Remove ROBOOT.EXE immediately

We suggest you to remove ROBOOT.EXE from your computer as soon as possible. ROBOOT.EXE is known as: Win32:Toolbar-M [PUP] MD5 of ROBOOT.EXE = 5a72817181f065c82b252e5663b73f40 ROBOOT.EXE size is 18096 bytes. Full path on a computer: %SYSDIR%\ROBOOT.EXE Related Files: %WinDir%\Installer\39976.msi %WinDir%\Installer\{EE24665C-844A-4489-9F11-70E41F4EE476}\baricon.ico %SysDir%\roboot.exe %WinDir%\Tasks\PC Performer_DEFAULT.job %WinDir%\Tasks\PC Performer_UPDATES.job Fix it immediately! UnHackMe removes malware invisible for your antivirus!

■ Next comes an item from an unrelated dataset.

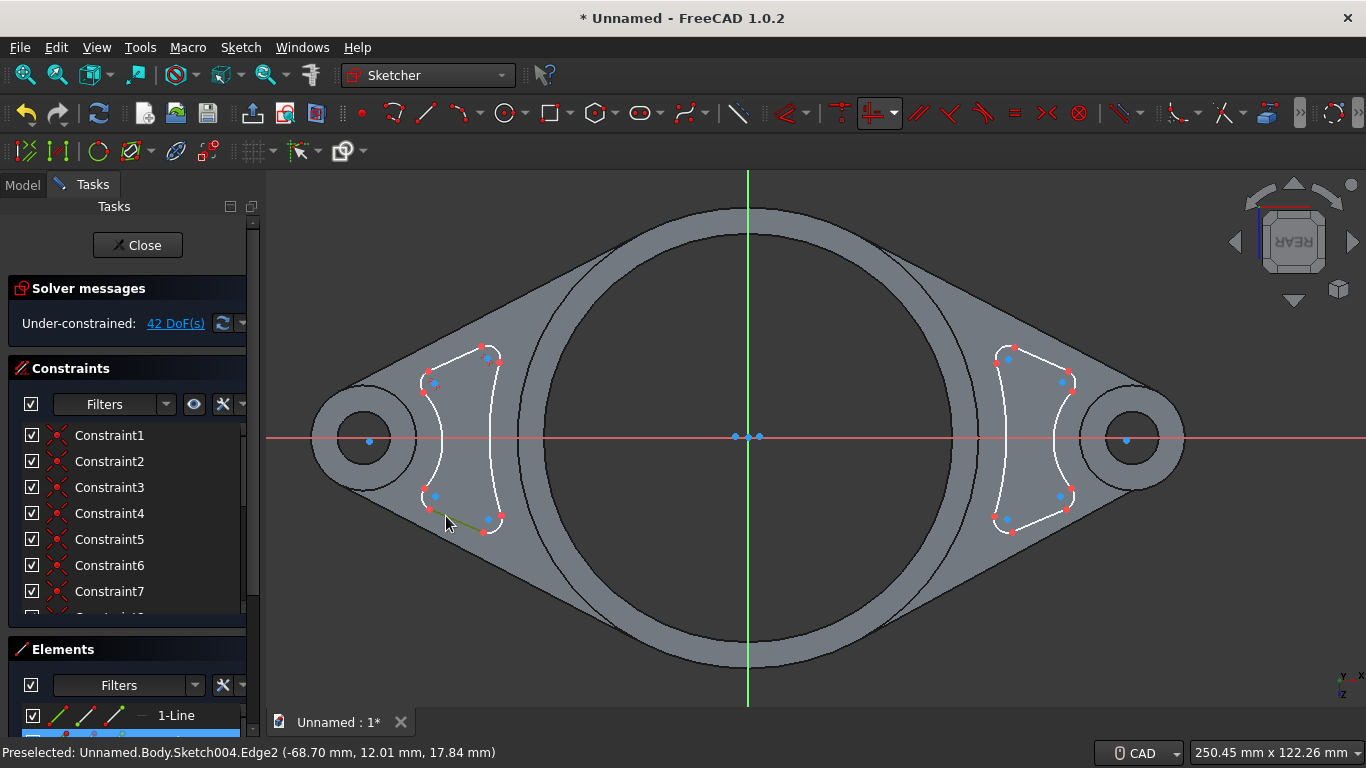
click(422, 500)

OCBEJ8PBYR.XHXX is Trojan Downloader

Is the file OCBEJ8PBYR.XHXX located on your computer? Then your computer is infected. We do suggest you should remove OCBEJ8PBYR.XHXX from your computer as soon as possible. OCBEJ8PBYR.XHXX is Trojan/Backdoor. Kill the process OCBEJ8PBYR.XHXX and remove OCBEJ8PBYR.XHXX from the Windows startup. Malware Analysis of OCBEJ8PBYR.XHXX Full path on a computer: %APPDATA%\PRYR6HEAB\OCBEJ8PBYR.XHXX Detected by UnHackMe: OCBEJ8PBYR.XHXX…

Continue reading

WINSPEED.DLL is Adware SProtector

  How to remove WindApp Adware using UnHackMe We received the file WINSPEED.DLL and detected that WINSPEED.DLL is not good. WINSPEED.DLL is Adware. You should remove the file WINSPEED.DLL. Kill the process WINSPEED.DLL and remove WINSPEED.DLL from Windows. Malware Analysis of WINSPEED.DLL Full path on a computer: %Common Appdata%\WinSpeed\WinSpeed.dll Detected by UnHackMe: WINSPEED.DLL Default location:…

Continue reading

W32/Agent.AQP!tr.dldr

W32/Agent.AQP!tr.dldr also known as W32/Dadobra.A.gen!Eldorado, TR/ATRAPS.A.1685, Downloader.Generic13.CLMG. Malware Analysis of W32/Agent.AQP!tr.dldr – PMROJECT1.EXE Created files: %Local Appdata%\Google\Chrome\User Data\Default\Web Data-journal %Local Appdata%\Google\Chrome\User Data\lockfile %Program Files%\FlashSockv01\Pmroject1.exe Autostart registry keys: HKCU\Software\Microsoft\Windows\CurrentVersion\Run\ChromeUpdatedv01: “%Program Files%\FlashSockv01\Pmroject1.exe” Detected by UnHackMe: PMROJECT1.EXE Default location: %PROGRAM FILES%\FLASHSOCKV01\PMROJECT1.EXE Dropper hash(md5): a60009592c4e6f2f5e7ca6dbb12a2c22 Fix it immediately! UnHackMe removes malware invisible for your antivirus!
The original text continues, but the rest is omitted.